Kai aims to be a thought leader in early years education and a champion of preschooling that truly harnesses the raw potential of children in their formative early years.

“The early childhood period – from birth to Age 8 – represents a significant developmental period during which rapid and significant cognitive, linguistic, and social-emotional competencies are established. Learning in the early childhood period occurs in the context of relationships within and between numerous systems (including a child’s home, childcare setting, preschool, and the interactions among them). Thus, supporting a child’s early learning is the shared responsibility of adults in these systems, and is enhanced through coordinated and cooperative home-school connections.”
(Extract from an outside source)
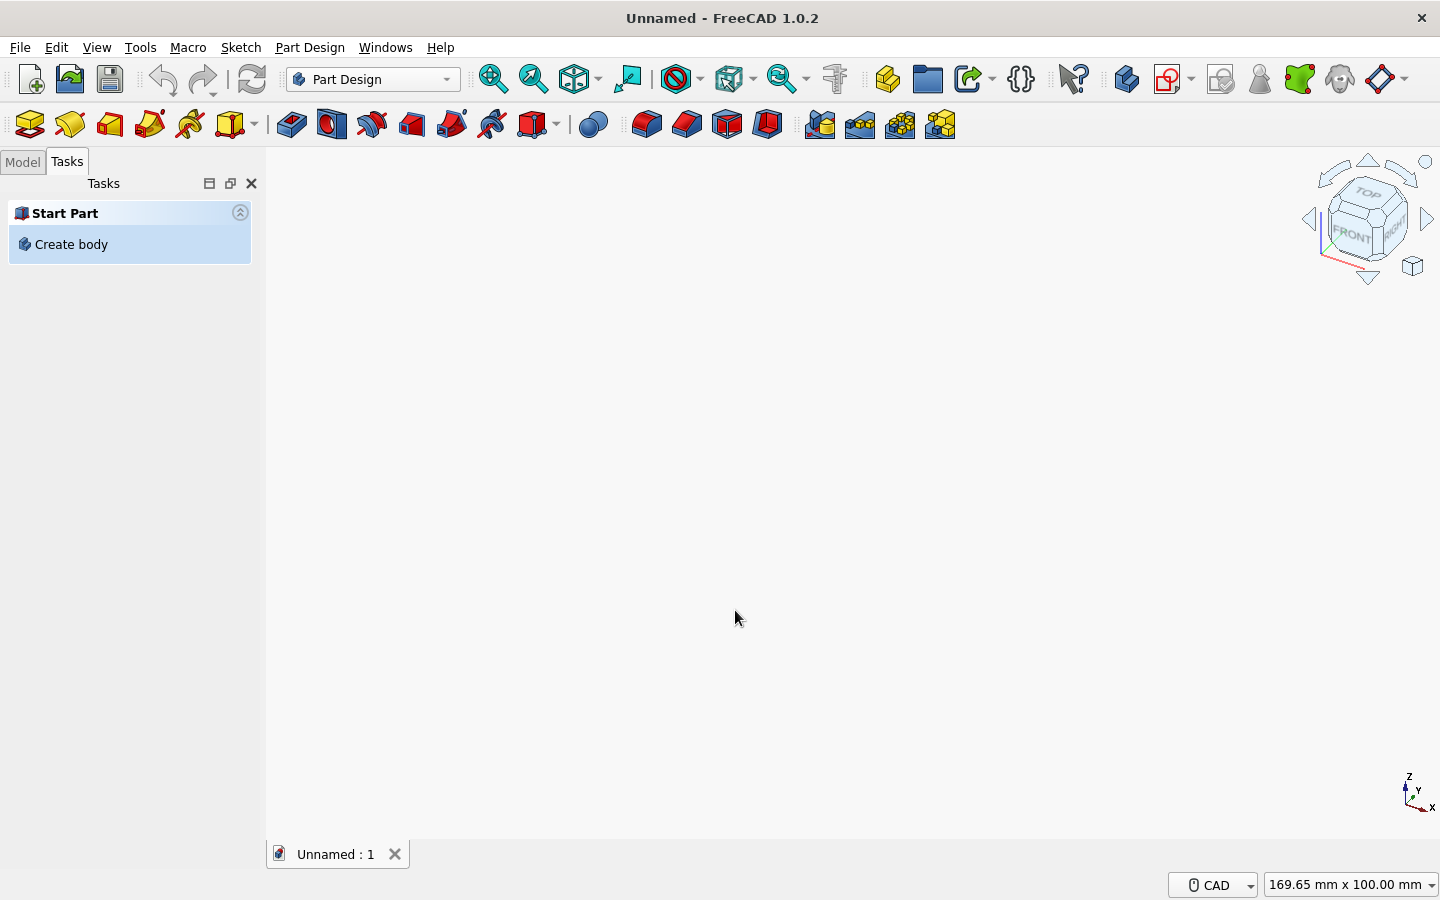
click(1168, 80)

The Wiley Handbook of Family, School, and Community Relationships in Education – Steve Sheldon, Tammy Taylor-Vorbeck

At Kai, we are mindful of just how much can be done to engage and nourish young minds at their ripest juncture. To keep children happy should be the foregone aim of every progressive preschool, but how we do it is the moot question. Are we stimulating our early learners enough? Is our curriculum nurturing their sense of self, as well as giving them a view of their place in this world? Are our teachers being given the professional learning opportunities and support they need to realise the potential of these critical years? What more can parents do to give their children the stimulation they are capable of absorbing? These are some of the challenges Kai will keep addressing as we evolve our commitment to the early years.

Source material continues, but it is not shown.